I was a little nervous at the distance involved, now that I’d sent the miners to L2. What if they rescuers made it to the trapped miners and I was too far away to feel the alert that I’s set? Instead of relying on my field, I sent out a powerful pulse, pairing it with a field shaped like a hardhat, and was able to see where the workers were. I thought that I would have time enough to get this job done and more.
After mapping Jake’s property in detail, Mark drive me around so I could continue to scan all around his and Thomas’s properties. I set my alarm for five-minute reminders and I sent out a pulse every time it buzzed. We were almost back to the mine when I felt the rescuers pass through the field I’d set. I immediately brought the miners back from L2 and let out a sigh of relief that I hadn’t messed that up. How would I have explained the miners not being where they were supposed to be and having to ‘find’ them later? As it was, the rescued minors would have a time gap that I hoped would be explained away by the bad air messing with their minds and causing them to be confused. It was also possible that those miners with watches would notice that their watches were off by several hours.

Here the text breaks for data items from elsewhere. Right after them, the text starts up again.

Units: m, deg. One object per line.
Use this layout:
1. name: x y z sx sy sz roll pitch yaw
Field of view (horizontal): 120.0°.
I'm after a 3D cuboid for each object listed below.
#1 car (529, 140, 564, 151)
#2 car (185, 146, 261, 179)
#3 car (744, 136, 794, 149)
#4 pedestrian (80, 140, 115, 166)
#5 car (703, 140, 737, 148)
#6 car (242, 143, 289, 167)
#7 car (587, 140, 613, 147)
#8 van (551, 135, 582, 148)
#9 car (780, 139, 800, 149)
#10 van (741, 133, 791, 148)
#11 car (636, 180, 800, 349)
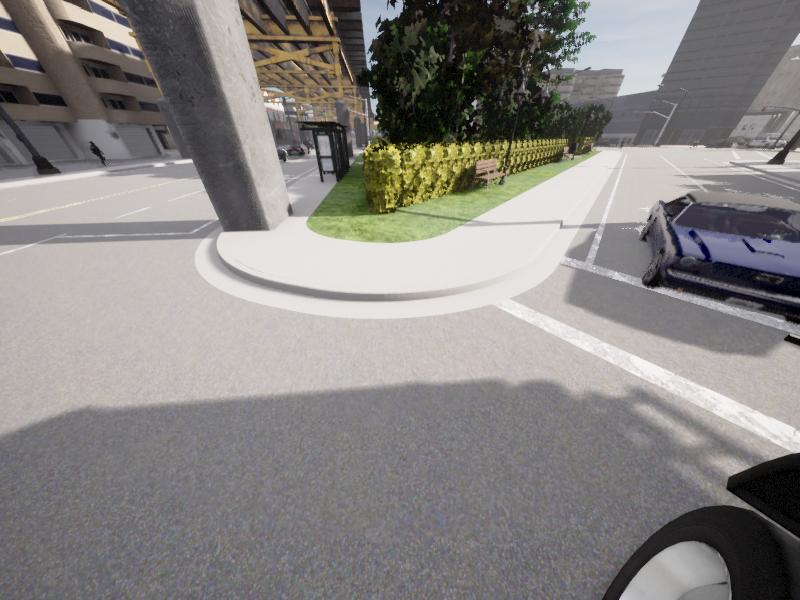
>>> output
1. car: 26.569 -28.104 42.038 4.902 1.511 2.128 -3 35 -4
2. car: -12.413 -10.107 16.755 1.930 1.638 5.238 -3 35 -4
3. car: 71.848 -30.706 45.035 5.566 2.045 2.150 -3 35 -4
4. pedestrian: -25.846 -12.564 19.790 0.751 1.860 0.751 -2 35 -3
5. car: 65.935 -32.182 47.635 4.193 1.474 1.816 -3 35 -4
6. car: -13.088 -14.515 22.983 2.152 1.651 5.027 -3 36 -4
7. car: 50.796 -39.852 58.728 2.163 1.488 4.792 -3 35 -5
8. van: 40.445 -38.828 56.474 2.351 2.431 6.366 -3 35 -4
9. car: 78.996 -30.842 45.689 4.193 1.474 1.816 -3 35 -4
10. van: 76.032 -33.143 48.026 5.915 2.561 1.988 -3 35 -4
11. car: 6.156 -1.196 4.419 1.895 1.301 4.718 25 43 31
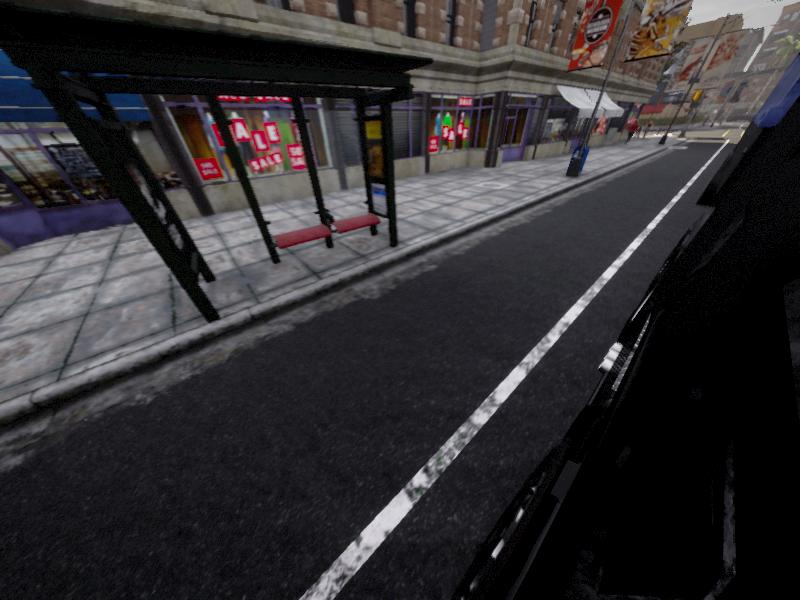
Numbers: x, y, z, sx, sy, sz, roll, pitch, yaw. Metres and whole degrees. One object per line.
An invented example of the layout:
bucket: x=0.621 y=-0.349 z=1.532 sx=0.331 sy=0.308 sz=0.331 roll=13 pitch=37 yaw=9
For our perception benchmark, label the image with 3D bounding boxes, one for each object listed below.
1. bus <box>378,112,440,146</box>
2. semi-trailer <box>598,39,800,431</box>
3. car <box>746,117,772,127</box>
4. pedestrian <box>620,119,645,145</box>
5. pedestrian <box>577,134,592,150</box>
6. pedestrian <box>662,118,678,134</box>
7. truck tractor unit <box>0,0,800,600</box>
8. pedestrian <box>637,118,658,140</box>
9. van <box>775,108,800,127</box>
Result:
bus: x=1.777 y=-29.573 z=39.846 sx=10.273 sy=4.253 sz=3.944 roll=-28 pitch=43 yaw=-30
semi-trailer: x=8.700 y=-3.588 z=4.248 sx=14.254 sy=4.402 sz=2.717 roll=-28 pitch=43 yaw=-30
car: x=66.489 y=-33.000 z=42.813 sx=5.357 sy=1.411 sz=2.033 roll=-28 pitch=43 yaw=-30
pedestrian: x=21.254 y=-15.351 z=21.170 sx=0.751 sy=1.860 sz=0.751 roll=-24 pitch=42 yaw=-26
pedestrian: x=15.321 y=-13.111 z=19.160 sx=0.500 sy=1.100 sz=0.500 roll=-26 pitch=42 yaw=-28
pedestrian: x=40.837 y=-26.262 z=34.905 sx=0.751 sy=1.860 sz=0.751 roll=-25 pitch=42 yaw=-27
truck tractor unit: x=2.645 y=-0.295 z=0.351 sx=6.516 sy=4.208 sz=3.053 roll=-28 pitch=44 yaw=-30
pedestrian: x=26.771 y=-18.424 z=24.966 sx=0.751 sy=1.860 sz=0.751 roll=-28 pitch=44 yaw=-30
van: x=69.070 y=-32.073 z=40.533 sx=6.366 sy=2.431 sz=2.351 roll=-28 pitch=43 yaw=-30
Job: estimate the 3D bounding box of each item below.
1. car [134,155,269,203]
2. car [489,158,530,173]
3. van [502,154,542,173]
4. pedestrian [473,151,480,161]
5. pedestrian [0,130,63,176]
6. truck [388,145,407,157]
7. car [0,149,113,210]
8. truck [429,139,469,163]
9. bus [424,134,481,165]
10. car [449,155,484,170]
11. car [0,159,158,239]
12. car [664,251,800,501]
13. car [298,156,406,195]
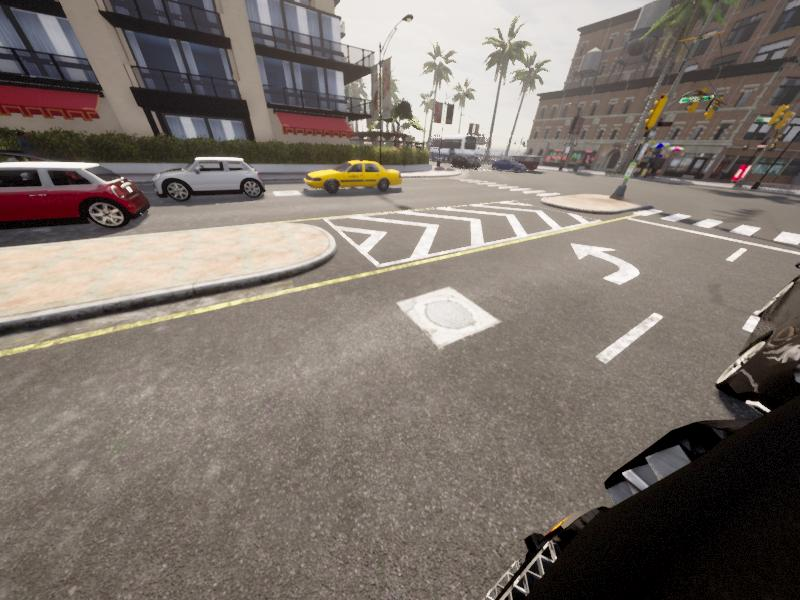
[{"bbox_3d":[-8.044,-5.240,9.882,3.806,1.475,1.970,-16,38,-26],"label":"car"},{"bbox_3d":[14.494,-17.980,30.828,1.812,1.442,4.674,-16,38,-26],"label":"car"},{"bbox_3d":[17.185,-19.412,32.703,1.775,1.987,4.442,-16,38,-26],"label":"van"},{"bbox_3d":[17.865,-33.546,53.830,0.751,1.860,0.751,-13,37,-22],"label":"pedestrian"},{"bbox_3d":[-18.141,-7.218,11.417,0.751,1.860,0.751,-16,38,-26],"label":"pedestrian"},{"bbox_3d":[-0.719,-41.054,63.469,2.627,2.467,5.204,-19,39,-29],"label":"truck"},{"bbox_3d":[-12.714,-3.908,7.446,3.705,1.549,1.789,-16,38,-26],"label":"car"},{"bbox_3d":[9.935,-31.253,48.313,2.891,3.827,8.468,-16,38,-26],"label":"truck"},{"bbox_3d":[9.306,-28.068,43.076,3.944,4.253,10.273,-16,38,-26],"label":"bus"},{"bbox_3d":[9.150,-19.280,32.300,2.007,1.525,4.514,-14,37,-24],"label":"car"},{"bbox_3d":[-9.272,-2.632,5.861,3.806,1.475,1.970,-16,38,-26],"label":"car"},{"bbox_3d":[5.408,0.457,2.307,4.902,1.511,2.128,-16,38,-26],"label":"car"},{"bbox_3d":[-2.468,-6.914,12.737,5.366,1.575,1.801,-16,38,-26],"label":"car"}]

Everything seemed to go into fast-forward once the rescuers reached the trapped miners. In short order, the rescued miners were brought up and reunited with their families. It was a touching scene and it played out very well for Thomas on the local news channels. A cave-in of this size rarely had such a happy ending. Not one miner was injured enough to require hospitalization. The mine itself would be shut down for the next week, as engineers pored over it, making sure that it was safe to mine again. Thomas and his crew were ecstatic that everyone was ok and announced a celebratory picnic for the following day, for all those that wanted to come with or without their families.
Thomas extended that invitation to us and we accepted, especially as we had already accepted his invitation to stay the night at his house.